▶ Work instructions: Lines to return, exactly: from the line with "Make the answer very short. 32.7." to the line with "Provide a succinct answer. -52.9." in the entries below, both included.

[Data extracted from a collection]

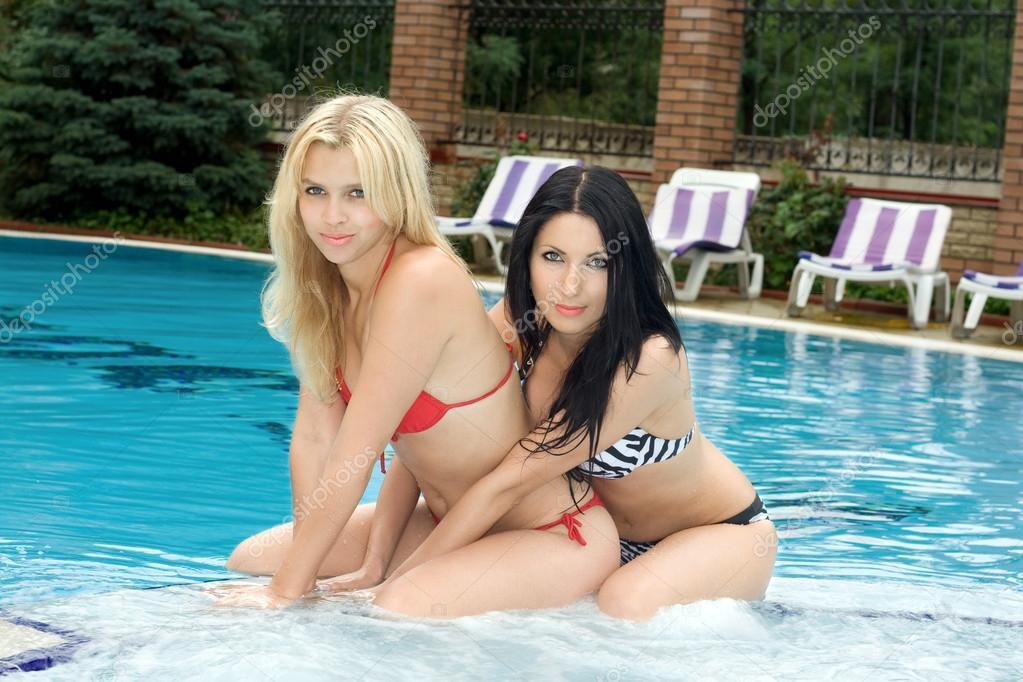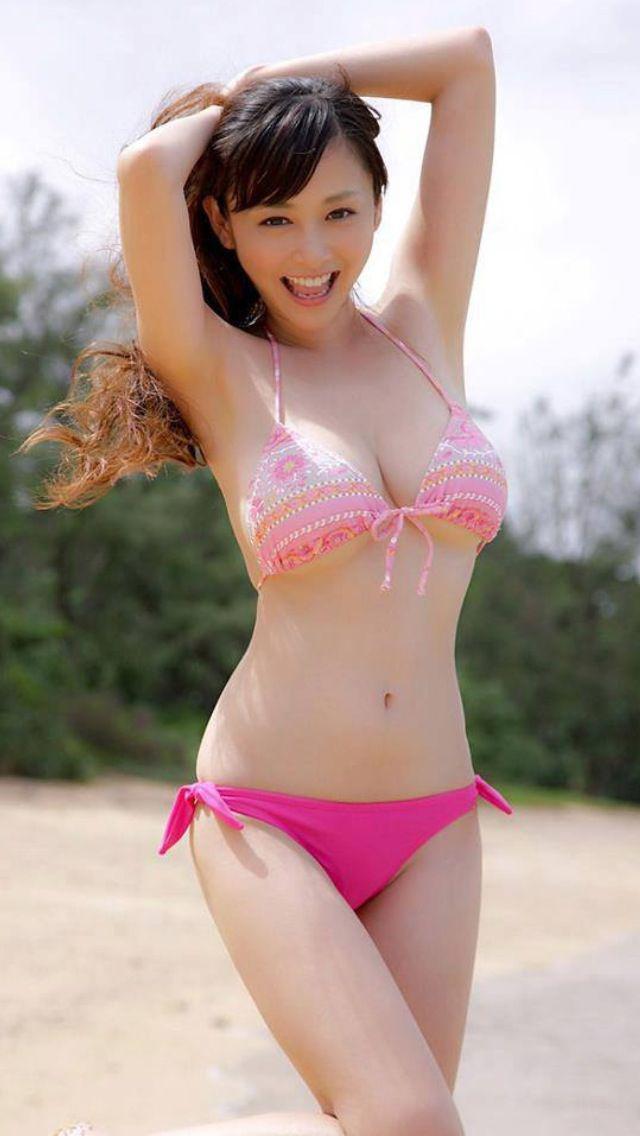The first image is the image on the left, the second image is the image on the right. Assess this claim about the two images: "There are no more than three women.". Correct or not? Answer yes or no. Yes. The first image is the image on the left, the second image is the image on the right. Assess this claim about the two images: "Three camera-facing swimwear models stand side-by-side in front of a swimming pool.". Correct or not? Answer yes or no. No. 
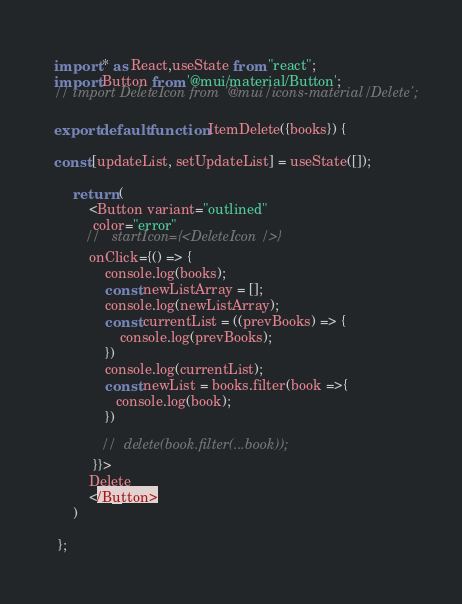Convert code to text. <code><loc_0><loc_0><loc_500><loc_500><_JavaScript_>import * as React,useState from "react";
import Button from '@mui/material/Button';
// import DeleteIcon from '@mui/icons-material/Delete';

export default function ItemDelete({books}) {

const [updateList, setUpdateList] = useState([]);

     return (
         <Button variant="outlined"
          color="error" 
        //   startIcon={<DeleteIcon />}
         onClick={() => {
             console.log(books);
             const newListArray = [];
             console.log(newListArray);
             const currentList = ((prevBooks) => {
                 console.log(prevBooks);
             })
             console.log(currentList);
             const newList = books.filter(book =>{
                console.log(book);
             })
            
            //  delete(book.filter(...book));
          }}>
         Delete 
         </Button>
     )

 };</code> 
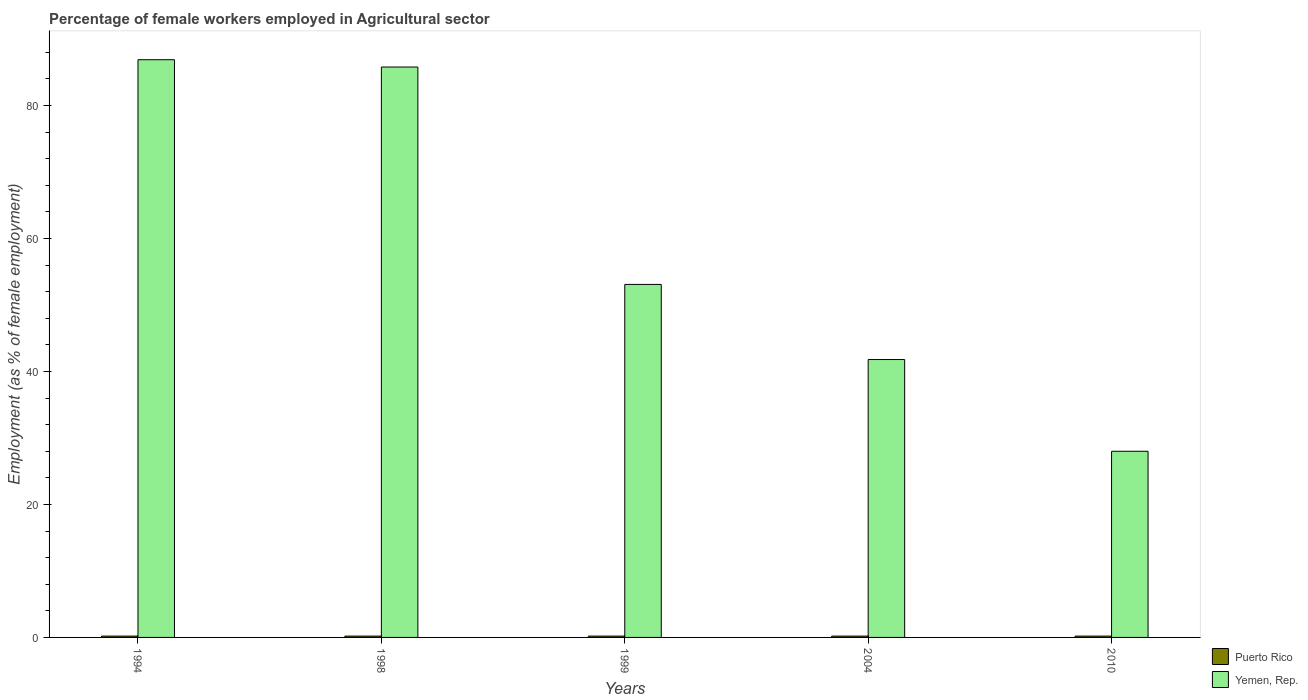How many groups of bars are there?
Make the answer very short. 5. Are the number of bars per tick equal to the number of legend labels?
Offer a terse response. Yes. How many bars are there on the 1st tick from the right?
Your response must be concise. 2. What is the percentage of females employed in Agricultural sector in Puerto Rico in 1998?
Your response must be concise. 0.2. Across all years, what is the maximum percentage of females employed in Agricultural sector in Puerto Rico?
Ensure brevity in your answer.  0.2. Across all years, what is the minimum percentage of females employed in Agricultural sector in Yemen, Rep.?
Keep it short and to the point. 28. What is the total percentage of females employed in Agricultural sector in Yemen, Rep. in the graph?
Ensure brevity in your answer.  295.6. What is the difference between the percentage of females employed in Agricultural sector in Yemen, Rep. in 1994 and that in 1999?
Your answer should be very brief. 33.8. What is the difference between the percentage of females employed in Agricultural sector in Yemen, Rep. in 1998 and the percentage of females employed in Agricultural sector in Puerto Rico in 1999?
Your answer should be very brief. 85.6. What is the average percentage of females employed in Agricultural sector in Puerto Rico per year?
Your answer should be compact. 0.2. In the year 2004, what is the difference between the percentage of females employed in Agricultural sector in Yemen, Rep. and percentage of females employed in Agricultural sector in Puerto Rico?
Provide a short and direct response. 41.6. What is the ratio of the percentage of females employed in Agricultural sector in Yemen, Rep. in 1998 to that in 2010?
Ensure brevity in your answer.  3.06. What is the difference between the highest and the second highest percentage of females employed in Agricultural sector in Yemen, Rep.?
Provide a short and direct response. 1.1. What is the difference between the highest and the lowest percentage of females employed in Agricultural sector in Yemen, Rep.?
Provide a succinct answer. 58.9. What does the 1st bar from the left in 1994 represents?
Your answer should be very brief. Puerto Rico. What does the 2nd bar from the right in 1999 represents?
Give a very brief answer. Puerto Rico. Are all the bars in the graph horizontal?
Your answer should be very brief. No. How many years are there in the graph?
Provide a succinct answer. 5. Are the values on the major ticks of Y-axis written in scientific E-notation?
Give a very brief answer. No. Does the graph contain any zero values?
Provide a short and direct response. No. Does the graph contain grids?
Provide a short and direct response. No. Where does the legend appear in the graph?
Keep it short and to the point. Bottom right. What is the title of the graph?
Provide a short and direct response. Percentage of female workers employed in Agricultural sector. What is the label or title of the Y-axis?
Keep it short and to the point. Employment (as % of female employment). What is the Employment (as % of female employment) in Puerto Rico in 1994?
Keep it short and to the point. 0.2. What is the Employment (as % of female employment) of Yemen, Rep. in 1994?
Provide a short and direct response. 86.9. What is the Employment (as % of female employment) in Puerto Rico in 1998?
Ensure brevity in your answer.  0.2. What is the Employment (as % of female employment) in Yemen, Rep. in 1998?
Your answer should be very brief. 85.8. What is the Employment (as % of female employment) in Puerto Rico in 1999?
Provide a succinct answer. 0.2. What is the Employment (as % of female employment) in Yemen, Rep. in 1999?
Keep it short and to the point. 53.1. What is the Employment (as % of female employment) of Puerto Rico in 2004?
Ensure brevity in your answer.  0.2. What is the Employment (as % of female employment) of Yemen, Rep. in 2004?
Provide a short and direct response. 41.8. What is the Employment (as % of female employment) of Puerto Rico in 2010?
Make the answer very short. 0.2. What is the Employment (as % of female employment) in Yemen, Rep. in 2010?
Keep it short and to the point. 28. Across all years, what is the maximum Employment (as % of female employment) of Puerto Rico?
Offer a very short reply. 0.2. Across all years, what is the maximum Employment (as % of female employment) of Yemen, Rep.?
Provide a succinct answer. 86.9. Across all years, what is the minimum Employment (as % of female employment) in Puerto Rico?
Provide a succinct answer. 0.2. Across all years, what is the minimum Employment (as % of female employment) of Yemen, Rep.?
Your answer should be compact. 28. What is the total Employment (as % of female employment) in Yemen, Rep. in the graph?
Provide a succinct answer. 295.6. What is the difference between the Employment (as % of female employment) of Puerto Rico in 1994 and that in 1998?
Give a very brief answer. 0. What is the difference between the Employment (as % of female employment) of Yemen, Rep. in 1994 and that in 1999?
Give a very brief answer. 33.8. What is the difference between the Employment (as % of female employment) of Yemen, Rep. in 1994 and that in 2004?
Offer a terse response. 45.1. What is the difference between the Employment (as % of female employment) in Yemen, Rep. in 1994 and that in 2010?
Your answer should be compact. 58.9. What is the difference between the Employment (as % of female employment) in Yemen, Rep. in 1998 and that in 1999?
Make the answer very short. 32.7. What is the difference between the Employment (as % of female employment) of Puerto Rico in 1998 and that in 2004?
Ensure brevity in your answer.  0. What is the difference between the Employment (as % of female employment) in Yemen, Rep. in 1998 and that in 2004?
Offer a terse response. 44. What is the difference between the Employment (as % of female employment) in Yemen, Rep. in 1998 and that in 2010?
Your response must be concise. 57.8. What is the difference between the Employment (as % of female employment) in Yemen, Rep. in 1999 and that in 2010?
Provide a short and direct response. 25.1. What is the difference between the Employment (as % of female employment) in Puerto Rico in 1994 and the Employment (as % of female employment) in Yemen, Rep. in 1998?
Your answer should be very brief. -85.6. What is the difference between the Employment (as % of female employment) of Puerto Rico in 1994 and the Employment (as % of female employment) of Yemen, Rep. in 1999?
Provide a succinct answer. -52.9. What is the difference between the Employment (as % of female employment) in Puerto Rico in 1994 and the Employment (as % of female employment) in Yemen, Rep. in 2004?
Provide a succinct answer. -41.6. What is the difference between the Employment (as % of female employment) of Puerto Rico in 1994 and the Employment (as % of female employment) of Yemen, Rep. in 2010?
Your answer should be compact. -27.8. What is the difference between the Employment (as % of female employment) of Puerto Rico in 1998 and the Employment (as % of female employment) of Yemen, Rep. in 1999?
Your answer should be very brief. -52.9. What is the difference between the Employment (as % of female employment) of Puerto Rico in 1998 and the Employment (as % of female employment) of Yemen, Rep. in 2004?
Your response must be concise. -41.6. What is the difference between the Employment (as % of female employment) in Puerto Rico in 1998 and the Employment (as % of female employment) in Yemen, Rep. in 2010?
Your answer should be very brief. -27.8. What is the difference between the Employment (as % of female employment) in Puerto Rico in 1999 and the Employment (as % of female employment) in Yemen, Rep. in 2004?
Your response must be concise. -41.6. What is the difference between the Employment (as % of female employment) of Puerto Rico in 1999 and the Employment (as % of female employment) of Yemen, Rep. in 2010?
Ensure brevity in your answer.  -27.8. What is the difference between the Employment (as % of female employment) in Puerto Rico in 2004 and the Employment (as % of female employment) in Yemen, Rep. in 2010?
Your answer should be very brief. -27.8. What is the average Employment (as % of female employment) in Yemen, Rep. per year?
Offer a terse response. 59.12. In the year 1994, what is the difference between the Employment (as % of female employment) of Puerto Rico and Employment (as % of female employment) of Yemen, Rep.?
Provide a succinct answer. -86.7. In the year 1998, what is the difference between the Employment (as % of female employment) of Puerto Rico and Employment (as % of female employment) of Yemen, Rep.?
Provide a short and direct response. -85.6. In the year 1999, what is the difference between the Employment (as % of female employment) of Puerto Rico and Employment (as % of female employment) of Yemen, Rep.?
Your response must be concise. -52.9. In the year 2004, what is the difference between the Employment (as % of female employment) in Puerto Rico and Employment (as % of female employment) in Yemen, Rep.?
Keep it short and to the point. -41.6. In the year 2010, what is the difference between the Employment (as % of female employment) of Puerto Rico and Employment (as % of female employment) of Yemen, Rep.?
Give a very brief answer. -27.8. What is the ratio of the Employment (as % of female employment) of Yemen, Rep. in 1994 to that in 1998?
Your answer should be very brief. 1.01. What is the ratio of the Employment (as % of female employment) of Puerto Rico in 1994 to that in 1999?
Your answer should be compact. 1. What is the ratio of the Employment (as % of female employment) in Yemen, Rep. in 1994 to that in 1999?
Ensure brevity in your answer.  1.64. What is the ratio of the Employment (as % of female employment) in Puerto Rico in 1994 to that in 2004?
Provide a short and direct response. 1. What is the ratio of the Employment (as % of female employment) in Yemen, Rep. in 1994 to that in 2004?
Provide a short and direct response. 2.08. What is the ratio of the Employment (as % of female employment) of Yemen, Rep. in 1994 to that in 2010?
Provide a short and direct response. 3.1. What is the ratio of the Employment (as % of female employment) of Puerto Rico in 1998 to that in 1999?
Offer a very short reply. 1. What is the ratio of the Employment (as % of female employment) of Yemen, Rep. in 1998 to that in 1999?
Offer a very short reply. 1.62. What is the ratio of the Employment (as % of female employment) of Yemen, Rep. in 1998 to that in 2004?
Keep it short and to the point. 2.05. What is the ratio of the Employment (as % of female employment) of Puerto Rico in 1998 to that in 2010?
Ensure brevity in your answer.  1. What is the ratio of the Employment (as % of female employment) of Yemen, Rep. in 1998 to that in 2010?
Your answer should be compact. 3.06. What is the ratio of the Employment (as % of female employment) of Yemen, Rep. in 1999 to that in 2004?
Provide a short and direct response. 1.27. What is the ratio of the Employment (as % of female employment) in Yemen, Rep. in 1999 to that in 2010?
Keep it short and to the point. 1.9. What is the ratio of the Employment (as % of female employment) of Puerto Rico in 2004 to that in 2010?
Your answer should be compact. 1. What is the ratio of the Employment (as % of female employment) of Yemen, Rep. in 2004 to that in 2010?
Your answer should be very brief. 1.49. What is the difference between the highest and the lowest Employment (as % of female employment) in Puerto Rico?
Keep it short and to the point. 0. What is the difference between the highest and the lowest Employment (as % of female employment) in Yemen, Rep.?
Provide a short and direct response. 58.9. 
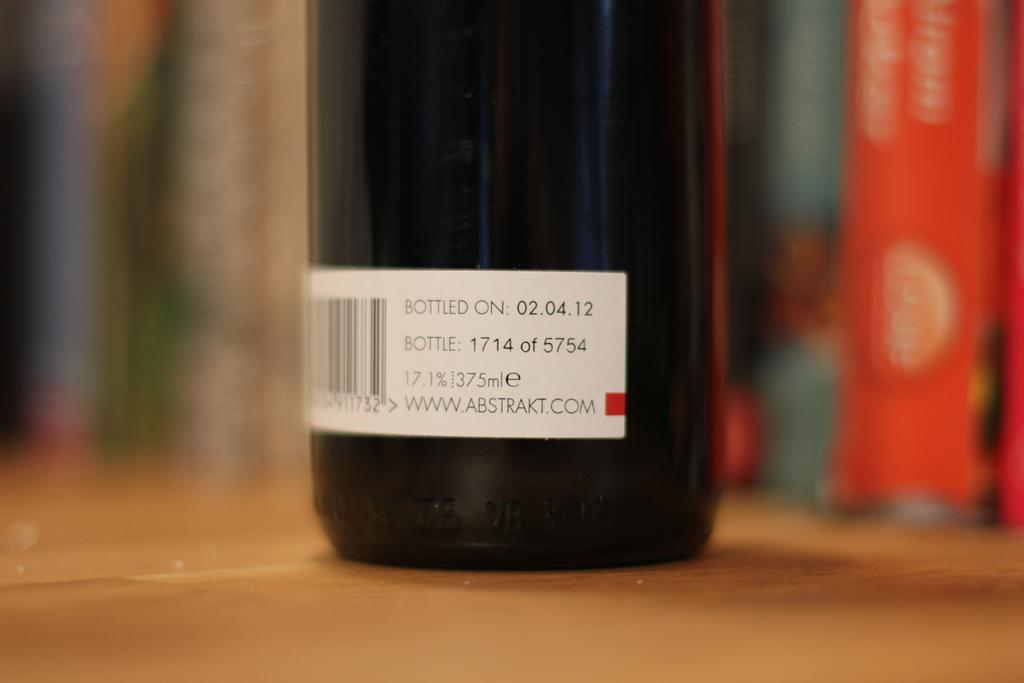<image>
Offer a succinct explanation of the picture presented. A dark bottle with a label showing their website to be WWW.ABSTRAKT.COM. 
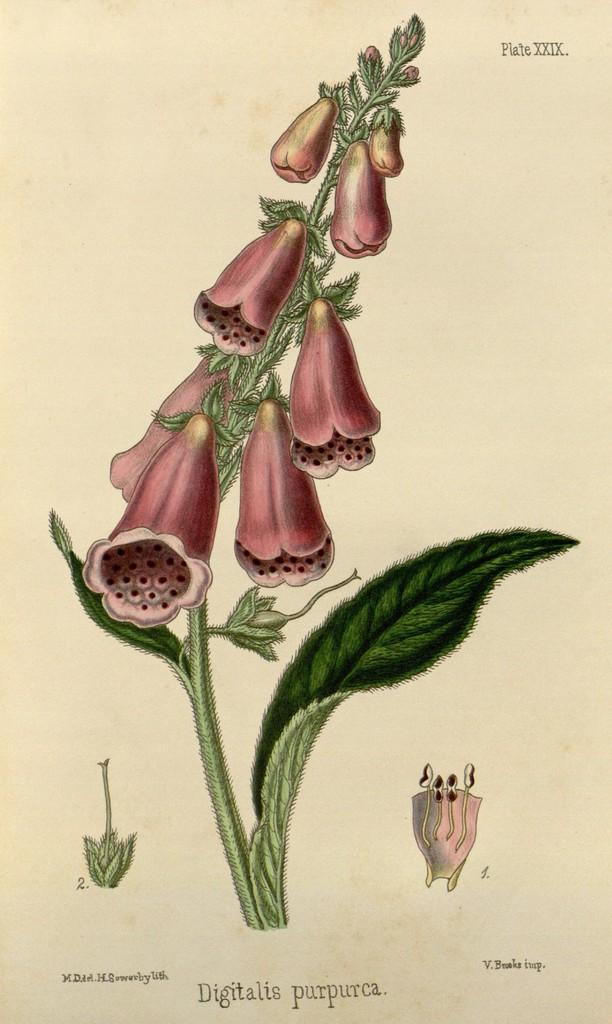What is depicted in the sketch in the image? There is a sketch of a plant in the image. What additional elements can be seen in the image? There are flowers in the image. What is written or drawn on the paper in the image? There is text on the paper in the image. Can you describe the pear that is being held by the deer in the image? There is no pear or deer present in the image; it features a sketch of a plant, flowers, and text on the paper.

▶ Response to this exercise:
Make the answer very short. 32.7. What is the difference between the Employment (as % of female employment) of Puerto Rico in 1998 and that in 2004?
Ensure brevity in your answer.  0. What is the difference between the Employment (as % of female employment) in Yemen, Rep. in 1998 and that in 2004?
Offer a terse response. 44. What is the difference between the Employment (as % of female employment) in Yemen, Rep. in 1998 and that in 2010?
Your response must be concise. 57.8. What is the difference between the Employment (as % of female employment) in Yemen, Rep. in 1999 and that in 2010?
Provide a short and direct response. 25.1. What is the difference between the Employment (as % of female employment) in Puerto Rico in 1994 and the Employment (as % of female employment) in Yemen, Rep. in 1998?
Your answer should be very brief. -85.6. What is the difference between the Employment (as % of female employment) of Puerto Rico in 1994 and the Employment (as % of female employment) of Yemen, Rep. in 1999?
Provide a succinct answer. -52.9. What is the difference between the Employment (as % of female employment) in Puerto Rico in 1994 and the Employment (as % of female employment) in Yemen, Rep. in 2004?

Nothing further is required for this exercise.